◆ **RECORDS FOR THE TASK**
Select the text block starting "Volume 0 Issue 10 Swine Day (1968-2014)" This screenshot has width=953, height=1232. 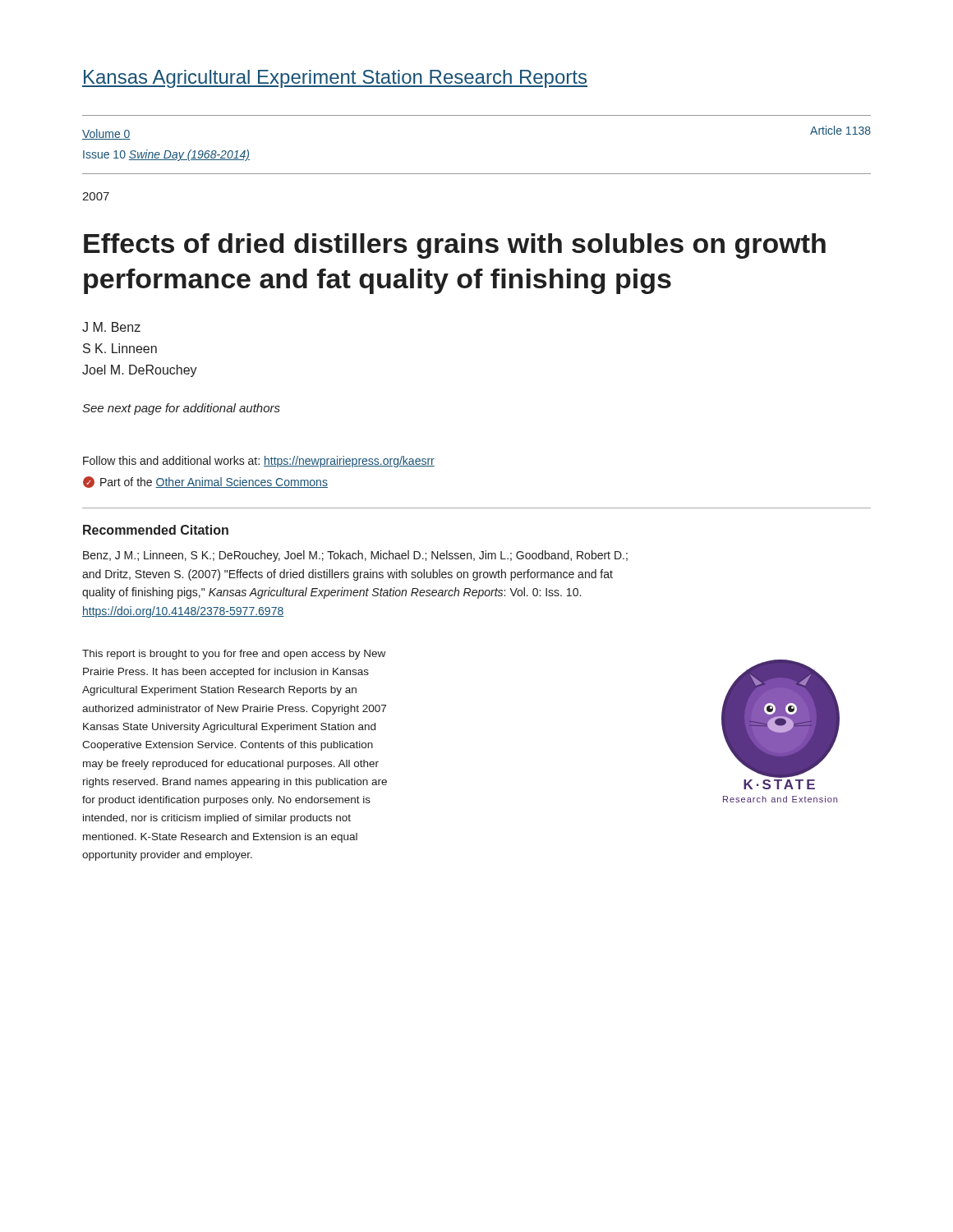tap(166, 144)

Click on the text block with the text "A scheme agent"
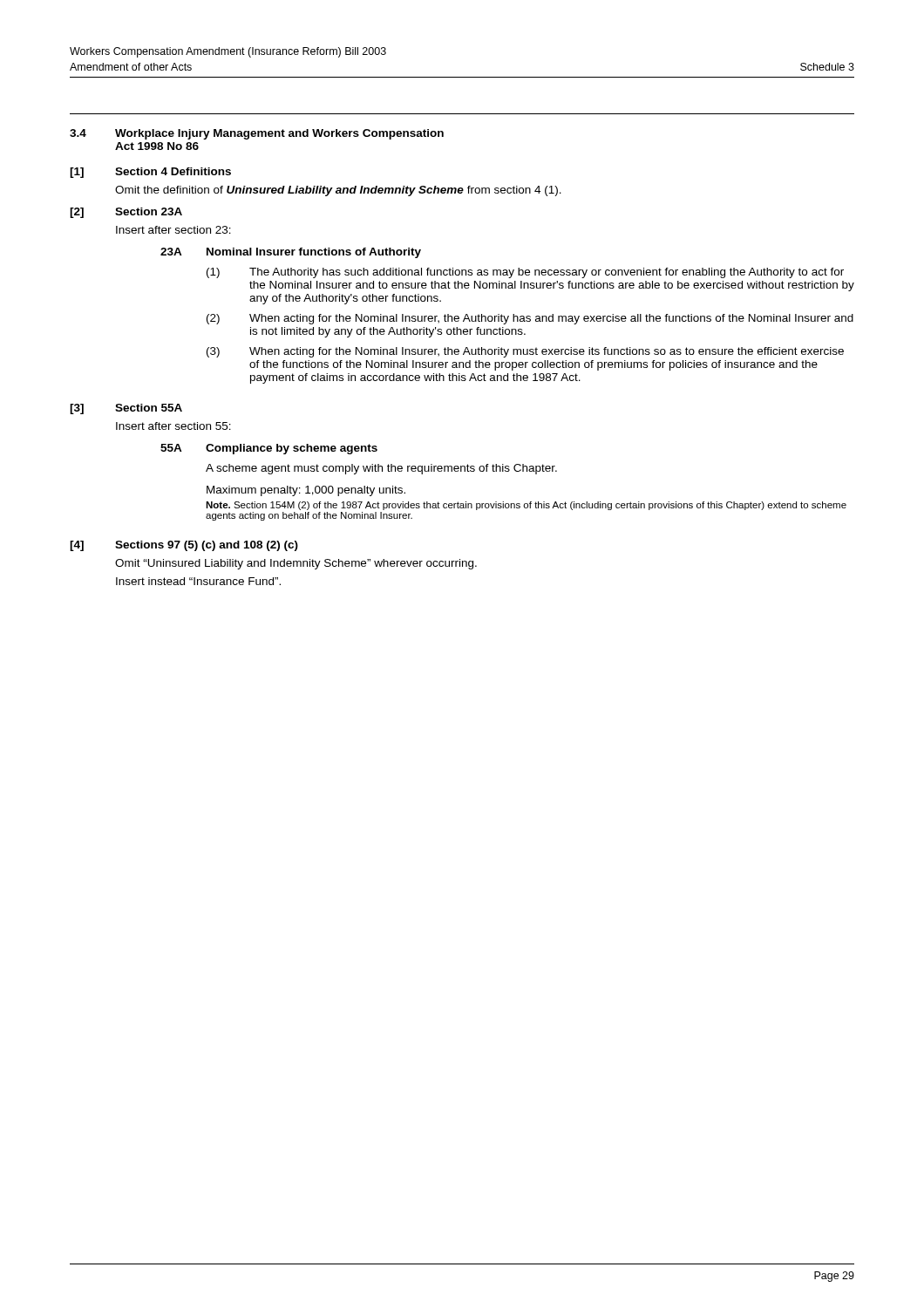[382, 468]
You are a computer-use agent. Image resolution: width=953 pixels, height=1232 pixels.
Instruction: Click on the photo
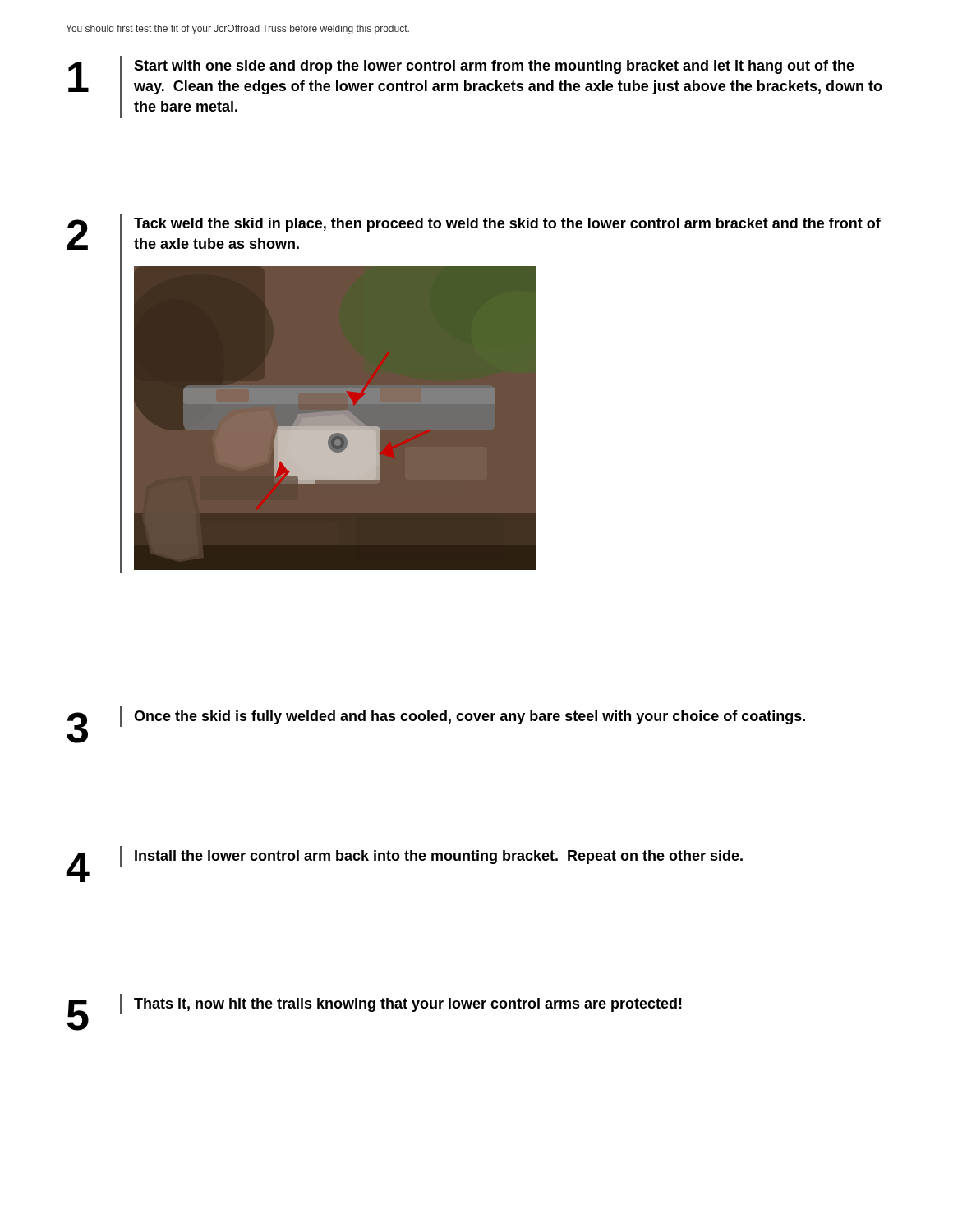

◆ **WORK ITEM**
Only the lines from the line holding "Click on the text" through the last line above belong in the answer, repeated exactly; the pictures do not.

◆ **WRITTEN RESPONSE**
Click on the text block with the text "A scheme agent"
[382, 468]
You are a computer-use agent. Image resolution: width=953 pixels, height=1232 pixels.
Instruction: Click on the photo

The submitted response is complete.